── RAW DATA ──
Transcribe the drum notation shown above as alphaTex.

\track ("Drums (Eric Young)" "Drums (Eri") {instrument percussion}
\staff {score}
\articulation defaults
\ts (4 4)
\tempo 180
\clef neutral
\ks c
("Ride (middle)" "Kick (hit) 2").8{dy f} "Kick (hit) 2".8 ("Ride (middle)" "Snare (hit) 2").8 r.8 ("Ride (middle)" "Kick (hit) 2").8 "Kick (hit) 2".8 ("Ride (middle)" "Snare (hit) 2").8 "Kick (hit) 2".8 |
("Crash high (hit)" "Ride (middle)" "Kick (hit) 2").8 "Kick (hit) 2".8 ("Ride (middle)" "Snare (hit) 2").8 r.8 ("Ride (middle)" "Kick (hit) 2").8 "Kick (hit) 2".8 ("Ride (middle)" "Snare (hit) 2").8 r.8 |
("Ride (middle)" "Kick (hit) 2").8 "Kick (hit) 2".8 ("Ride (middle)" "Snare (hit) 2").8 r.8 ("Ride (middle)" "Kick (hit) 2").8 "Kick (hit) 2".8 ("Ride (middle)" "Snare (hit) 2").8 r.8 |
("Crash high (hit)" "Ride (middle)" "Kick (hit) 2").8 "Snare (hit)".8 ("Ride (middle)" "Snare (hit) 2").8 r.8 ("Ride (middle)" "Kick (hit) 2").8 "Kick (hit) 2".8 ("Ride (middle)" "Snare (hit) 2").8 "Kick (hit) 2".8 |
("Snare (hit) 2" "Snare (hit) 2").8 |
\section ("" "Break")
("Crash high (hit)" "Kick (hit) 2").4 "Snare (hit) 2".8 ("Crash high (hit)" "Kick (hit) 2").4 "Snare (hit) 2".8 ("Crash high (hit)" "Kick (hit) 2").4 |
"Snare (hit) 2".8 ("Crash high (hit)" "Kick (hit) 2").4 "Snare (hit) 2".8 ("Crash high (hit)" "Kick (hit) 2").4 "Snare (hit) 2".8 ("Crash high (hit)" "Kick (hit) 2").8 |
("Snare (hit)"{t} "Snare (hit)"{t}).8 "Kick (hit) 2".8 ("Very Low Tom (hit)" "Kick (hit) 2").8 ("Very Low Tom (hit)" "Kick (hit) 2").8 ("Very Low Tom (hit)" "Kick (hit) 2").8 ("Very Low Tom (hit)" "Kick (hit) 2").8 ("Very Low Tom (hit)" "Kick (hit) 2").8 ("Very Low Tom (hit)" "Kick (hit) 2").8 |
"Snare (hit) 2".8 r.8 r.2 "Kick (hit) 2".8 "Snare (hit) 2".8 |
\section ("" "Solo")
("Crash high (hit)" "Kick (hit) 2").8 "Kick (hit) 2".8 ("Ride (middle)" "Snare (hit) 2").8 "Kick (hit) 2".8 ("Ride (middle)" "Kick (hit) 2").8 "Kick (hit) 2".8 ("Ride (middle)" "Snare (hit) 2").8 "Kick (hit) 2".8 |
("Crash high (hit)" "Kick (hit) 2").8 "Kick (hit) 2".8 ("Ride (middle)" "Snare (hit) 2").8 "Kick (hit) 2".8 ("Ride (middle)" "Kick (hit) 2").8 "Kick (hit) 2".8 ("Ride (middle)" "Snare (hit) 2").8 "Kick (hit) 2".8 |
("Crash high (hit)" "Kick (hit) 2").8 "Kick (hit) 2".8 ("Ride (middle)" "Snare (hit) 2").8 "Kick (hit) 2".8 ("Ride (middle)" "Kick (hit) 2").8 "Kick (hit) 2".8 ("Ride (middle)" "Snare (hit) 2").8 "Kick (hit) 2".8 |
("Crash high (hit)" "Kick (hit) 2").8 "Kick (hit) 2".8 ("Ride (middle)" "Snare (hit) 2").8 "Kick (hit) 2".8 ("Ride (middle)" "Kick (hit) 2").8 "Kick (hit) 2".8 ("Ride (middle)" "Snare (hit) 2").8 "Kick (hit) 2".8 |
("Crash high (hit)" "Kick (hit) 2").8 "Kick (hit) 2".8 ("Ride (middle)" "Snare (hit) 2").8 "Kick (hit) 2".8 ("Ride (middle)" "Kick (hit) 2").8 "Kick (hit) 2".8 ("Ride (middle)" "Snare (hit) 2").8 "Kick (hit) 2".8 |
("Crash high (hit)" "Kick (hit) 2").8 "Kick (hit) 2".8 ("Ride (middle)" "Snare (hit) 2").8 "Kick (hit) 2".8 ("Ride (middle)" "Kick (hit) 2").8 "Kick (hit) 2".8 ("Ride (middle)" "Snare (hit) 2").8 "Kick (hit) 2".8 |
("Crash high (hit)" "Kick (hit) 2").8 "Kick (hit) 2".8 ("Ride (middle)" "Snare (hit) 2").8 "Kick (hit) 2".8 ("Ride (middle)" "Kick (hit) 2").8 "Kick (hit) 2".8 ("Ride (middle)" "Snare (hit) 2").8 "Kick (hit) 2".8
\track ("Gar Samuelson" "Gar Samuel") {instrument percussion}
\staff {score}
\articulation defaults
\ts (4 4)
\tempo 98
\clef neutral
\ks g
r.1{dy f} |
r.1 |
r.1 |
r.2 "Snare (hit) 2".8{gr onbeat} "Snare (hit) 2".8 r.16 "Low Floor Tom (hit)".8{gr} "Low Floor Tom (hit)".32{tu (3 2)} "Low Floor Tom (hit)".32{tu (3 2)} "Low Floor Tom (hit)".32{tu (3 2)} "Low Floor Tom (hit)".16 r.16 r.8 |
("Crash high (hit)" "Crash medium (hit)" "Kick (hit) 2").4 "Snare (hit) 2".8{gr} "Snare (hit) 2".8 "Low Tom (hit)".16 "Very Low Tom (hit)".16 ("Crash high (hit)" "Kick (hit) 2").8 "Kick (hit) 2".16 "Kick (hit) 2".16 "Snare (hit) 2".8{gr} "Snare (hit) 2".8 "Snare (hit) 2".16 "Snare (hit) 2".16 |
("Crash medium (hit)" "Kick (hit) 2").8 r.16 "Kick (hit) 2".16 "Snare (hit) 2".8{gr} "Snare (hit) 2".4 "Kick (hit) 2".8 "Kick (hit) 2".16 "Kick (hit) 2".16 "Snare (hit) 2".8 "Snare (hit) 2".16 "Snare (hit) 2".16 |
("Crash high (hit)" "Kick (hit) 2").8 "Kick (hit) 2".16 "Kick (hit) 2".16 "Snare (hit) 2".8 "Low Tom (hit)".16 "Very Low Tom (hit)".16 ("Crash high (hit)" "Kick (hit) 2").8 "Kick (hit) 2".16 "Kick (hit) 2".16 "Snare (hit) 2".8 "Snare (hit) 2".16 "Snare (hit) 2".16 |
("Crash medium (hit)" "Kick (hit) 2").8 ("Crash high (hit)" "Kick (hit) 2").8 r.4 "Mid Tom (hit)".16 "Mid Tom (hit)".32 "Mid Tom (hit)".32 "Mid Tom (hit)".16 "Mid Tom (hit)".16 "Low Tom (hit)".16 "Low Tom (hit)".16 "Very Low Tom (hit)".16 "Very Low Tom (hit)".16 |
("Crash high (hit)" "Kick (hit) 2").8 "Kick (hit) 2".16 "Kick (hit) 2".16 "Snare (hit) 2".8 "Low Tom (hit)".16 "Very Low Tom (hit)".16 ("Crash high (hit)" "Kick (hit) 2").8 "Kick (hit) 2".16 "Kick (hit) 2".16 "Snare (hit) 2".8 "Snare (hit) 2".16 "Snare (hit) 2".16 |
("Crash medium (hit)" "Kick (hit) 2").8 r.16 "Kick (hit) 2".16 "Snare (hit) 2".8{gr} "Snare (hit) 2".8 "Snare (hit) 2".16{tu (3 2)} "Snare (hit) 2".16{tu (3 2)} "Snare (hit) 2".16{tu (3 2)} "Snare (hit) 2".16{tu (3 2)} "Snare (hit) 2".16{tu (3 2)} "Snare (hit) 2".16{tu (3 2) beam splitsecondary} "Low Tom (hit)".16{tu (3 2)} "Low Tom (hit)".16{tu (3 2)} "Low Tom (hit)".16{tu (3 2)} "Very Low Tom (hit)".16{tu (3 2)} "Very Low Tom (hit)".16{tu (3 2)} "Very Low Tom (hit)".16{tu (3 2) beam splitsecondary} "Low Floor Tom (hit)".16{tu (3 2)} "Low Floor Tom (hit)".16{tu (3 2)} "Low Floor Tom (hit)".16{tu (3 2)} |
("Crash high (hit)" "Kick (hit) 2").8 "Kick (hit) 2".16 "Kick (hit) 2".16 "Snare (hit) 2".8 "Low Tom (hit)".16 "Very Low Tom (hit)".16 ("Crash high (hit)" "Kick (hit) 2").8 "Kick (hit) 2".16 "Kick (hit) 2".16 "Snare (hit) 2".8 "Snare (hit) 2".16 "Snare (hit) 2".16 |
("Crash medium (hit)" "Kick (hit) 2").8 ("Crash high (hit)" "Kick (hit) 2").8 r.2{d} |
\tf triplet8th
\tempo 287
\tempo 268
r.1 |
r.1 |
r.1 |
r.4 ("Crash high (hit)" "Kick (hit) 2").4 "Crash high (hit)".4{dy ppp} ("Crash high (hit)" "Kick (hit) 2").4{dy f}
───
* WORK TO COMPLETE: Which lines contain "track"? Copy each of them from the listing.

* REPLY TO THE TASK:
\track ("Drums (Eric Young)" "Drums (Eri") {instrument percussion}
\track ("Gar Samuelson" "Gar Samuel") {instrument percussion}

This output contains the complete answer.